Chemists have identified six molecules that can react with a highly toxic gas to produce a blue fluorescent signal (Anal. Chem., DOI: 10.1021/ac300737g). The compounds could find use in a color-based phosgene sensor for the plastics industry, where the gas is commonly used to make building blocks for the materials, the researchers say.
Commercial phosgene sensors detect the notoriously toxic gas based on its characteristic absorption of infrared light. Researchers have also developed sensors that detect the gas using a color-changing material. But these materials change color mainly in the presence of the gas’s chemical cousin triphosgene, not phosgene itself.

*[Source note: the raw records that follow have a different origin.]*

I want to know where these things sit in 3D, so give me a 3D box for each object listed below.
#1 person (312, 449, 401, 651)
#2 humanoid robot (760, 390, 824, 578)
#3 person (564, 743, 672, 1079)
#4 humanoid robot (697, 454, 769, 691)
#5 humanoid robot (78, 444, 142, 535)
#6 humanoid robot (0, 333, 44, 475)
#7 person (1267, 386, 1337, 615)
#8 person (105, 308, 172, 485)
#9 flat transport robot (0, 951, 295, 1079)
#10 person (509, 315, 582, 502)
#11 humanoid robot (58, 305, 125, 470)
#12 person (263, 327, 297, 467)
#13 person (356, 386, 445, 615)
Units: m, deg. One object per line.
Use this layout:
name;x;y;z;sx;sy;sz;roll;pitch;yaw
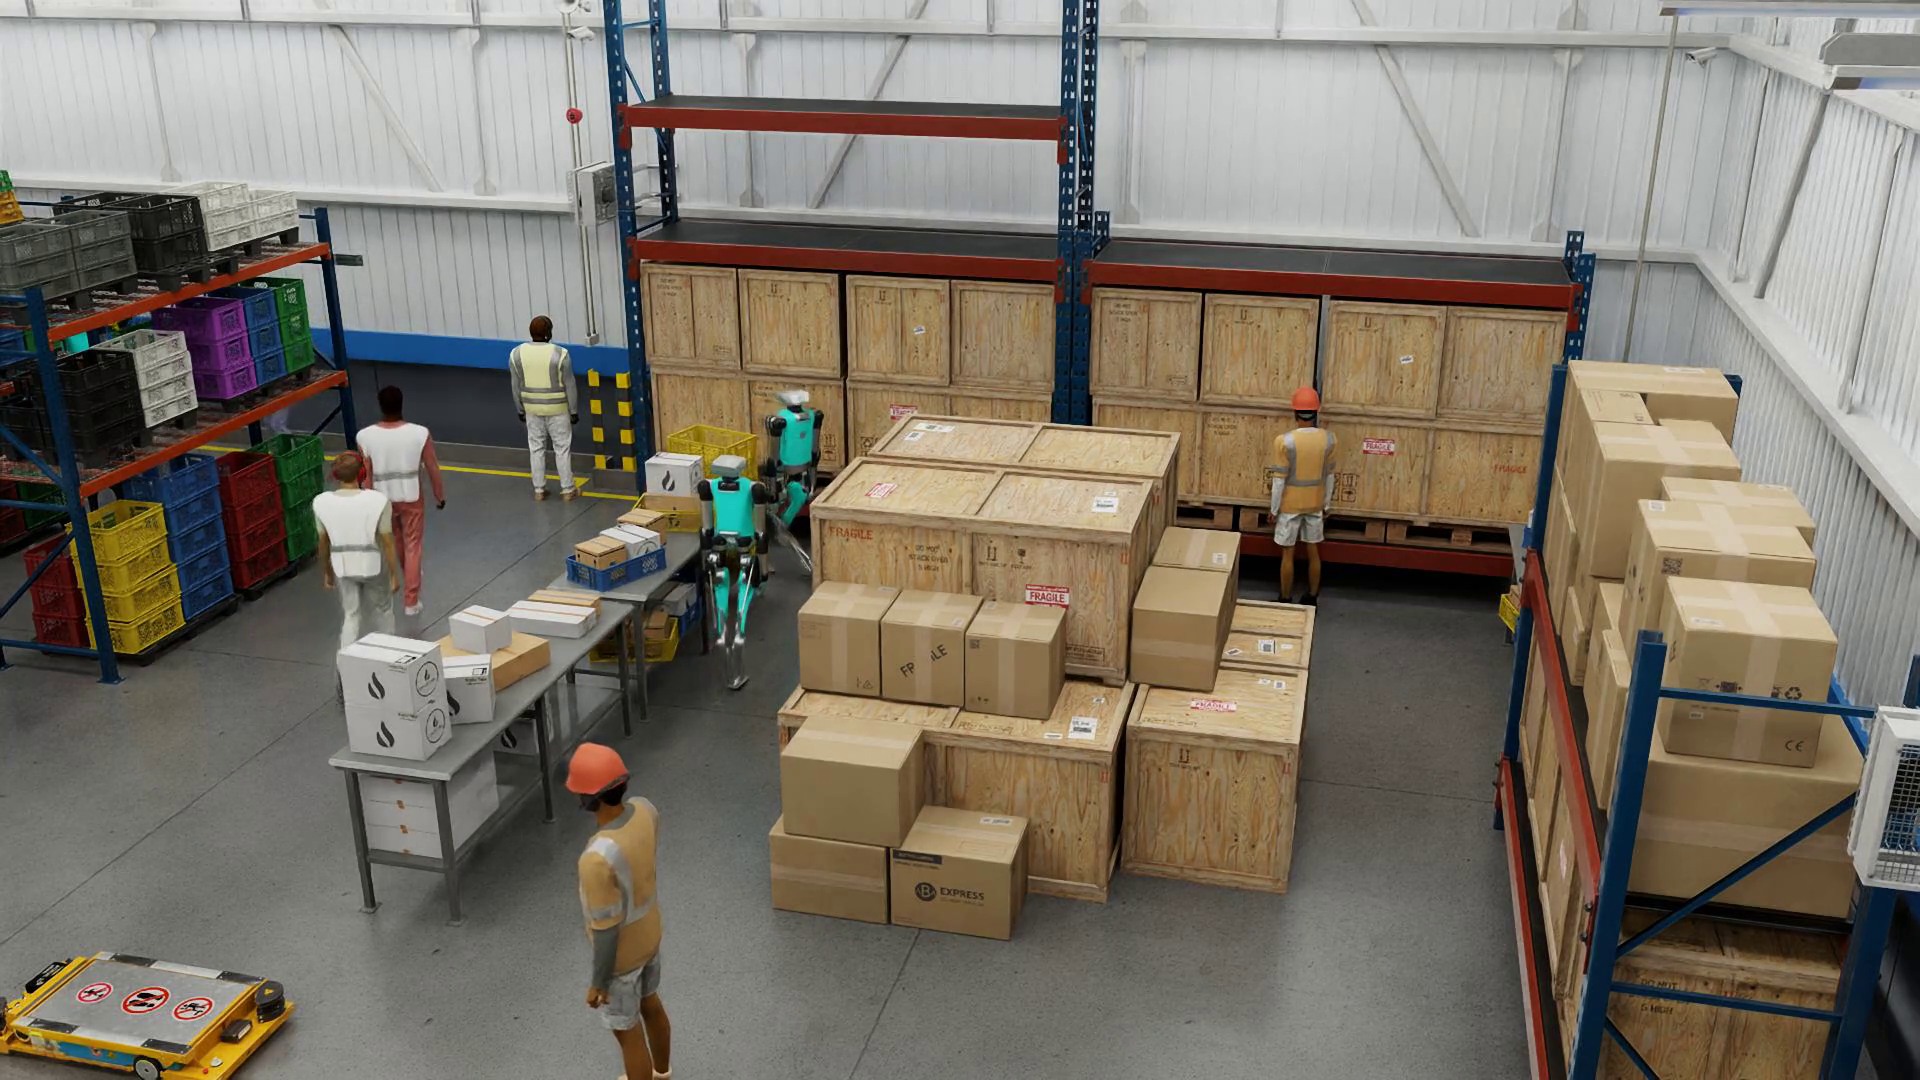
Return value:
person;-4.430;0.237;12.257;0.566;1.822;0.753;-1;21;-3
humanoid robot;-1.543;-0.481;14.281;0.553;1.731;1.050;-18;28;-39
person;-1.584;1.866;7.692;0.400;2.035;0.607;5;21;12
humanoid robot;-1.713;0.351;12.196;0.540;1.873;0.737;5;21;13
humanoid robot;-7.569;-0.624;14.685;0.599;1.657;0.315;-7;22;-17
humanoid robot;-9.484;-1.327;16.470;0.838;1.761;0.571;-4;21;-9
person;2.752;-0.301;13.500;0.546;1.933;0.372;-5;21;-12
person;-8.305;-1.406;16.529;0.872;1.832;0.530;-2;21;-6
flat transport robot;-4.270;2.464;8.601;1.431;0.231;0.659;5;22;13
person;-4.009;-1.273;16.172;0.633;1.841;0.429;2;21;6
humanoid robot;-8.706;-1.520;16.778;0.533;1.677;0.735;-19;28;-41
person;-7.014;-1.534;17.012;0.346;1.728;0.604;-15;25;-34
person;-4.602;-0.369;13.775;0.611;1.860;1.020;-3;21;-9
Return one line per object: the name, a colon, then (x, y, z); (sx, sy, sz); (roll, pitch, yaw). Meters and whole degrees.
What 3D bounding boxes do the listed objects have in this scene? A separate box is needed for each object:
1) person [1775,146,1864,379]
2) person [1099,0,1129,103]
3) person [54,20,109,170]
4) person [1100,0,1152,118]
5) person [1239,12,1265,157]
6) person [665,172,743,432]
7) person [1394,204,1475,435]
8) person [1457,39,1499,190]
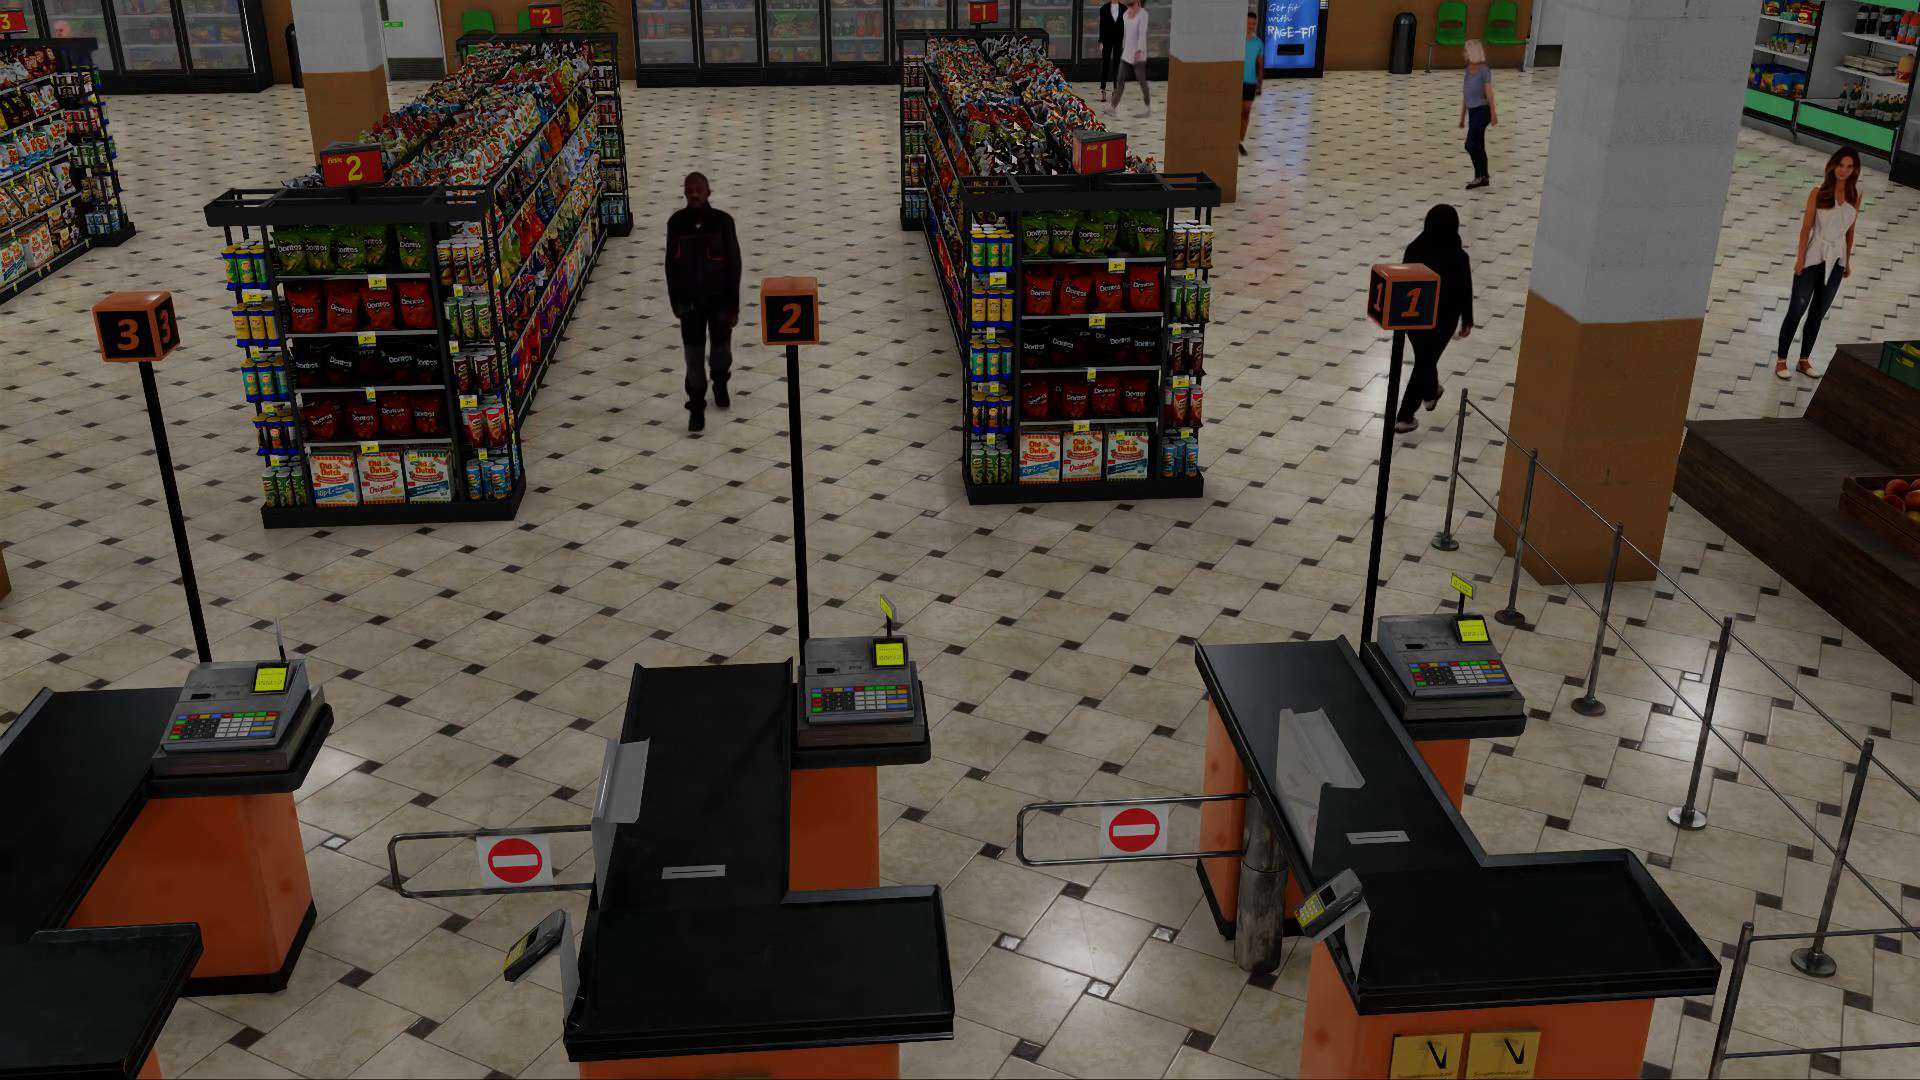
person: (6.612, -2.131, 12.793); (0.577, 1.784, 0.514); (-1, 24, -3)
person: (2.319, -7.521, 25.207); (0.598, 1.706, 0.518); (-1, 24, -3)
person: (-10.640, -5.356, 20.139); (0.825, 1.802, 0.906); (2, 24, 4)
person: (2.555, -6.954, 23.802); (1.140, 1.793, 1.172); (-18, 30, -36)
person: (3.595, -5.847, 21.302); (0.622, 1.769, 0.711); (-2, 24, -4)
person: (-1.809, -1.747, 11.913); (0.692, 1.785, 1.147); (-2, 24, -5)
person: (3.248, -1.499, 11.616); (1.104, 1.568, 1.179); (18, 29, 35)
person: (6.083, -4.914, 19.282); (0.692, 1.679, 0.662); (-7, 25, -15)

Pradip Kundu and Kuo Chu Hwang, both at National Tsing Hua University, in Taiwan, wanted to design a simple color-changing sensor for phosgene and thought the chemical’s reactivity could help.
The carbonyl of a phosgene molecule can react with two electron-rich groups, such as amines, alcohols, or carboxylic acids. The researchers wanted to find compounds with two such groups. They envisioned phosgene grabbing the two reactive groups and connecting them to form an additional aromatic ring, which could make the molecule fluoresce.
The two chemists identified six molecules of that type in chemical catalogs. They dissolved each molecule in chloroform and bubbled phosgene into the liquid.
Each molecule fluoresced weakly before it reacted with phosgene. When the ring formed, the resulting molecules shined bright blue. The molecule most sensitive to the presence of phosgene, (2E)-3-(2-aminophenyl)-2-propenoic acid, started producing visible fluorescence at a phosgene concentration of 1 nM, about 160 to 400 times more sensitive than commercial gas-phase phosgene detectors.
“There is still a lot of room for improvement,” Hwang says, for real-world applications of the method. For example, to test air samples for low concentrations of phosgene, companies would need to bubble large volumes of air through the sensing solution; Hwang notes that the researchers need to devise a way to prevent the sensing solution from evaporating under those conditions.